------ Records supplied ------

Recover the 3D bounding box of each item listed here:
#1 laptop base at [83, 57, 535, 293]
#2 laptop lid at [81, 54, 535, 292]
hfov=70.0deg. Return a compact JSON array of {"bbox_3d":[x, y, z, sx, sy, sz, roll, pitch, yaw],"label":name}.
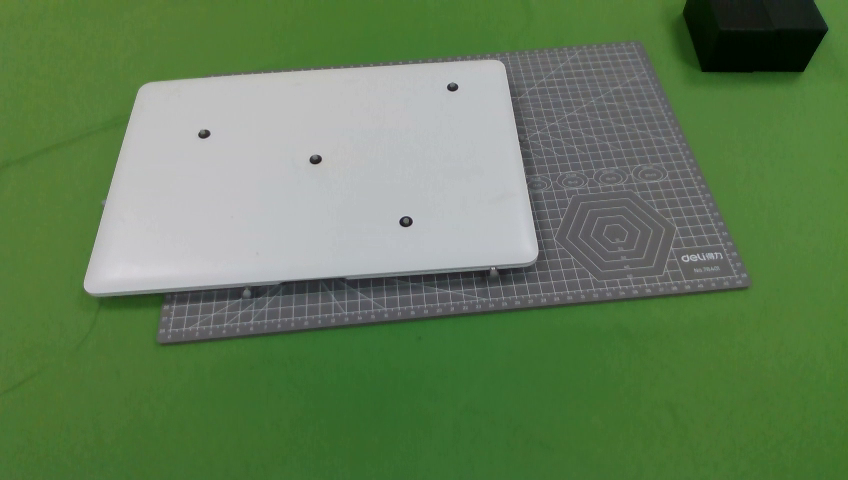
[{"bbox_3d":[-0.095,-0.065,0.532,0.354,0.023,0.233,-4,59,-1],"label":"laptop base"},{"bbox_3d":[-0.095,-0.070,0.521,0.357,0.013,0.239,-3,58,0],"label":"laptop lid"}]
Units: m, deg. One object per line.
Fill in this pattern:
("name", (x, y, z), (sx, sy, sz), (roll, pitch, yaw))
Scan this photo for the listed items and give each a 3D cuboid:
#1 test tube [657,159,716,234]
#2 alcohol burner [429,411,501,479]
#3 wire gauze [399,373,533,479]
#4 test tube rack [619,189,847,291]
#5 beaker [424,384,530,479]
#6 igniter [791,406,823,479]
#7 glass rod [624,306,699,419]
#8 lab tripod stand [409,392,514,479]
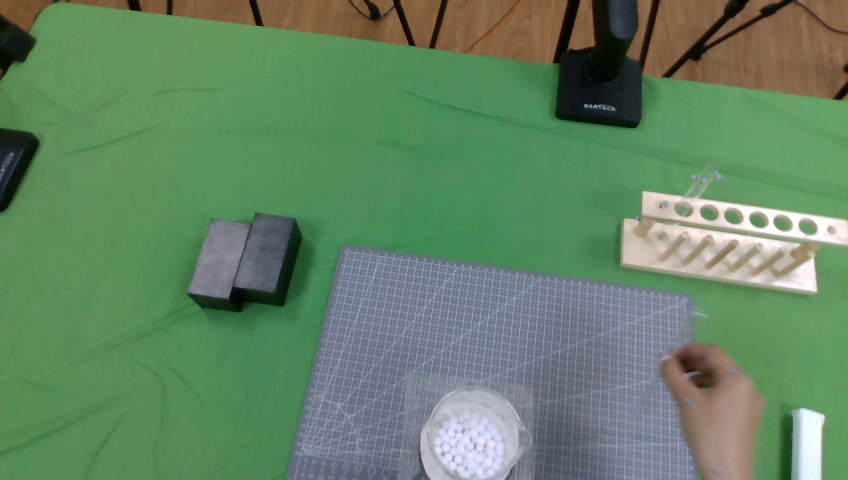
("test tube", (0.307, -0.047, 0.717), (0.017, 0.151, 0.017), (0, 62, 0))
("alcohol burner", (0.044, 0.215, 0.632), (0.078, 0.120, 0.077), (1, 64, -2))
("wire gauze", (0.039, 0.187, 0.561), (0.125, 0.011, 0.120), (5, 64, 4))
("test tube rack", (0.376, 0.002, 0.750), (0.242, 0.086, 0.066), (8, 66, 3))
("beaker", (0.042, 0.170, 0.516), (0.084, 0.101, 0.073), (4, 65, 1))
("igniter", (0.402, 0.314, 0.642), (0.057, 0.025, 0.275), (19, 67, -3))
("glass rod", (0.234, 0.129, 0.609), (0.008, 0.201, 0.008), (3, 46, -3))
("lab tripod stand", (0.038, 0.217, 0.620), (0.148, 0.132, 0.147), (0, 64, 1))
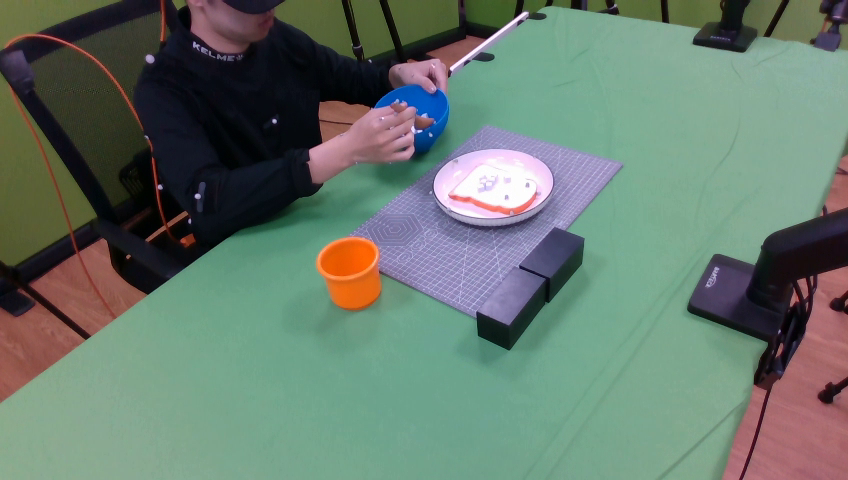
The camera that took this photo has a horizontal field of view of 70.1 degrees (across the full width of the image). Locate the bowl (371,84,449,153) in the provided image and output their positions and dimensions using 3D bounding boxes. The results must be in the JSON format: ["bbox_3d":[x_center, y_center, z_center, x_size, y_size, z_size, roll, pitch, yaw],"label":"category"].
[{"bbox_3d":[-0.020,-0.222,1.166,0.151,0.077,0.150,-7,51,9],"label":"bowl"}]

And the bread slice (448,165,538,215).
[{"bbox_3d":[0.126,-0.085,1.038,0.133,0.018,0.107,16,45,27],"label":"bread slice"}]

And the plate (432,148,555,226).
[{"bbox_3d":[0.119,-0.087,1.037,0.209,0.038,0.208,-4,40,4],"label":"plate"}]

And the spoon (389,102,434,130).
[{"bbox_3d":[-0.024,-0.214,1.039,0.041,0.195,0.021,-26,80,17],"label":"spoon"}]

------

Problem statement: All lines above from the one with "#5 beaker [424,384,530,479]" to the one with "#7 glass rod [624,306,699,419]", inclusive, should be copied exactly, and no other lines.

Response:
#5 beaker [424,384,530,479]
#6 igniter [791,406,823,479]
#7 glass rod [624,306,699,419]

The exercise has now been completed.